### Problem
Two lines mark the range in the entries below: the one holding "19. cardboard box [1772,75,1792,83]" and the one holding "47. cardboard box [1549,128,1585,153]". Set down those two and all lines between them, exactly.

### Data for this task
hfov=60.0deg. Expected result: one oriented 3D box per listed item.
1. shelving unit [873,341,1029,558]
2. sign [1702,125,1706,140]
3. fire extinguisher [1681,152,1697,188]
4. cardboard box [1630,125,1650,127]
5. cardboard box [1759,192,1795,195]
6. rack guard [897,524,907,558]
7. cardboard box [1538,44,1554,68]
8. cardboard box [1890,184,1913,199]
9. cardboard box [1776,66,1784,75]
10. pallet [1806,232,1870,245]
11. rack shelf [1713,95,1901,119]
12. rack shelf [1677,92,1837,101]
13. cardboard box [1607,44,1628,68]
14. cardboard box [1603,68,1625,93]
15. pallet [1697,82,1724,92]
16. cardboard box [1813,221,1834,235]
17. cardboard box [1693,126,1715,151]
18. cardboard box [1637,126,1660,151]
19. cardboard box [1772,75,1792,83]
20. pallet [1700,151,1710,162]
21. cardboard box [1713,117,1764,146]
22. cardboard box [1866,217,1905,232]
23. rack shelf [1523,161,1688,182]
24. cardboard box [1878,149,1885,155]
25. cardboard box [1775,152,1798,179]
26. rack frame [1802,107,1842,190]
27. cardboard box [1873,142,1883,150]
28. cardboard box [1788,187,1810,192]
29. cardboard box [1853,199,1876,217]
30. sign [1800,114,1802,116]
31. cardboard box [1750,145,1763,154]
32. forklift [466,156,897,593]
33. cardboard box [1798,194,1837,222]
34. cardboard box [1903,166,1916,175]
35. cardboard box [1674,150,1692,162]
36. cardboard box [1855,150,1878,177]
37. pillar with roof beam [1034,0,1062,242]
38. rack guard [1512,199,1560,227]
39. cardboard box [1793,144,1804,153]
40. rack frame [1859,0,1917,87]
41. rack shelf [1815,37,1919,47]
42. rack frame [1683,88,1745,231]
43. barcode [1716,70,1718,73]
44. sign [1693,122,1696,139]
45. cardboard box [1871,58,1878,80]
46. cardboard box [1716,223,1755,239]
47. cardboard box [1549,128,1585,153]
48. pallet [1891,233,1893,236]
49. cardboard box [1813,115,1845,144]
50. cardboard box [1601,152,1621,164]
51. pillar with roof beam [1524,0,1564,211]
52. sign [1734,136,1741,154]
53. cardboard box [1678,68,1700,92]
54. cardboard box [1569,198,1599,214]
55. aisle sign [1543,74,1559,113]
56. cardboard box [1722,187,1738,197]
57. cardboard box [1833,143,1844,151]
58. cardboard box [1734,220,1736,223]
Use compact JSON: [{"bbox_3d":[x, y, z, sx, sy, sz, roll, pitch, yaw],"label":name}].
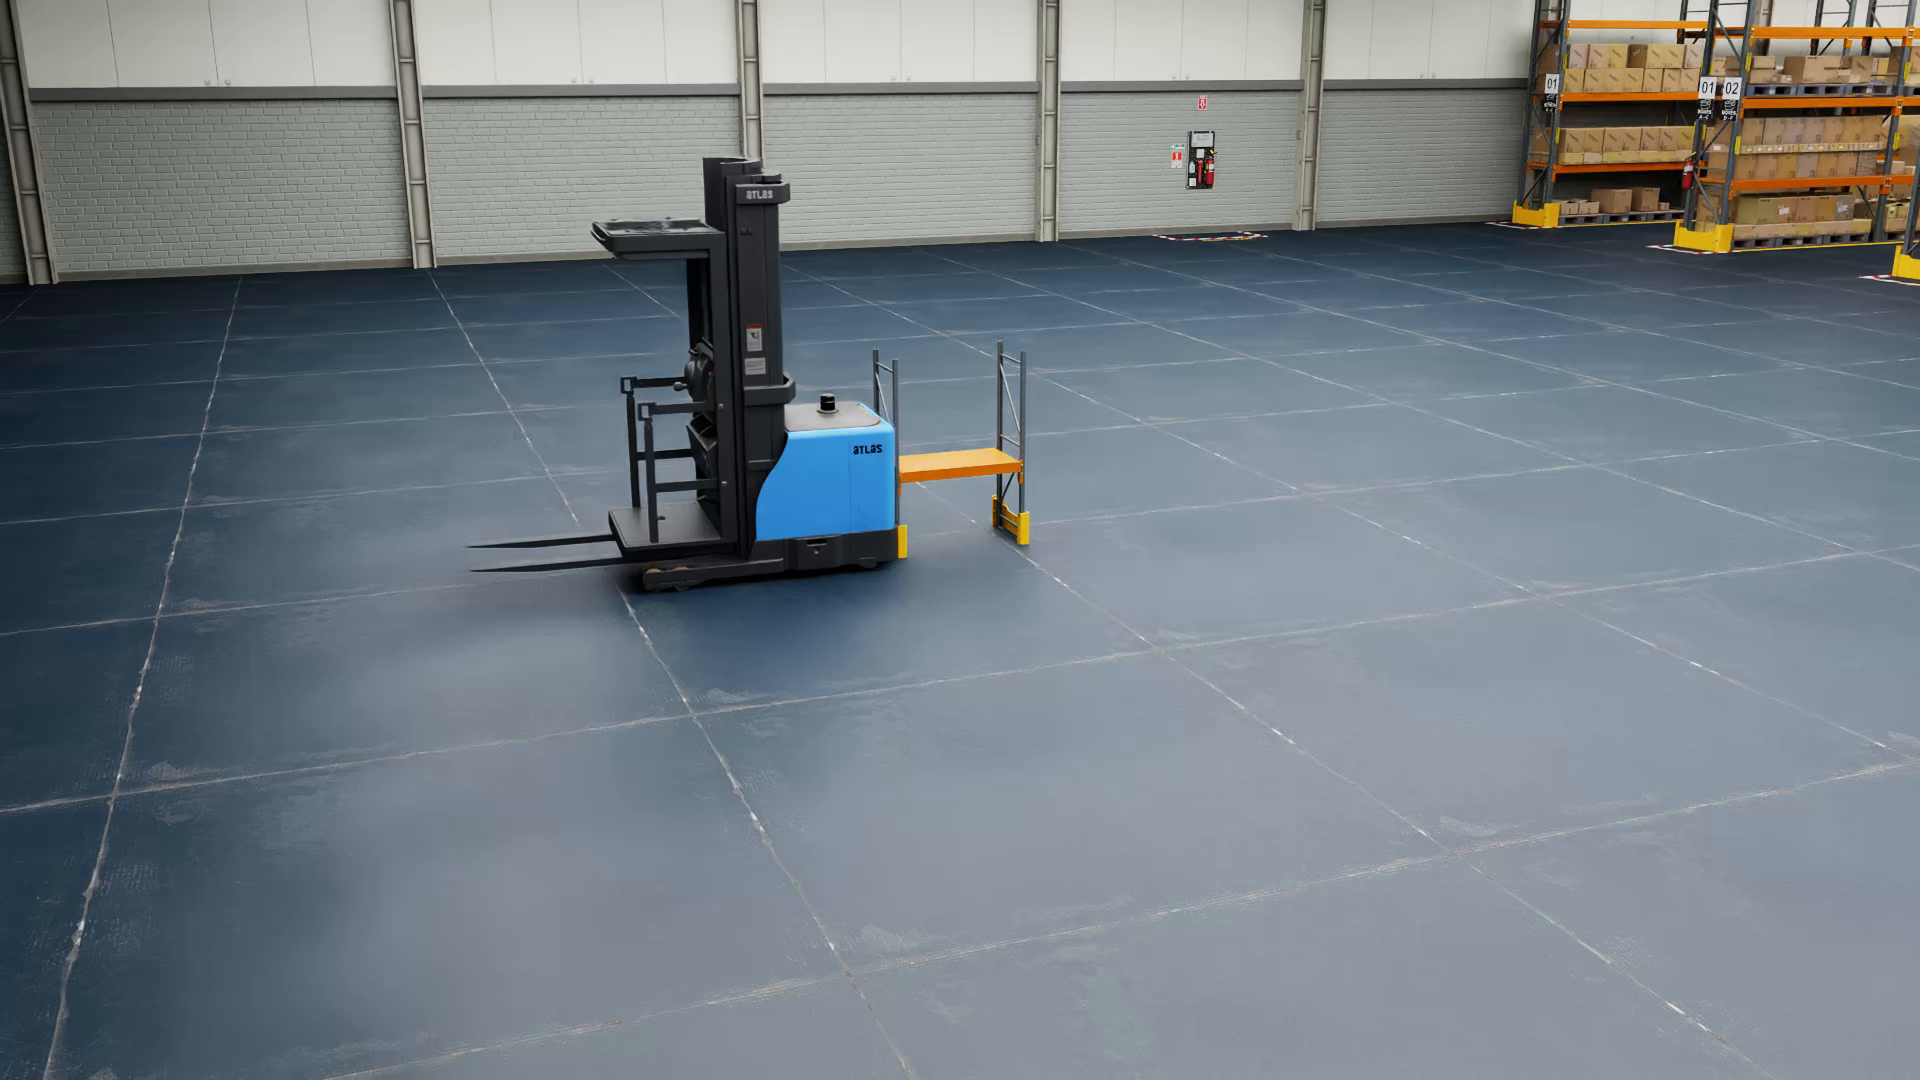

### Response
19. cardboard box [1772,75,1792,83]
20. pallet [1700,151,1710,162]
21. cardboard box [1713,117,1764,146]
22. cardboard box [1866,217,1905,232]
23. rack shelf [1523,161,1688,182]
24. cardboard box [1878,149,1885,155]
25. cardboard box [1775,152,1798,179]
26. rack frame [1802,107,1842,190]
27. cardboard box [1873,142,1883,150]
28. cardboard box [1788,187,1810,192]
29. cardboard box [1853,199,1876,217]
30. sign [1800,114,1802,116]
31. cardboard box [1750,145,1763,154]
32. forklift [466,156,897,593]
33. cardboard box [1798,194,1837,222]
34. cardboard box [1903,166,1916,175]
35. cardboard box [1674,150,1692,162]
36. cardboard box [1855,150,1878,177]
37. pillar with roof beam [1034,0,1062,242]
38. rack guard [1512,199,1560,227]
39. cardboard box [1793,144,1804,153]
40. rack frame [1859,0,1917,87]
41. rack shelf [1815,37,1919,47]
42. rack frame [1683,88,1745,231]
43. barcode [1716,70,1718,73]
44. sign [1693,122,1696,139]
45. cardboard box [1871,58,1878,80]
46. cardboard box [1716,223,1755,239]
47. cardboard box [1549,128,1585,153]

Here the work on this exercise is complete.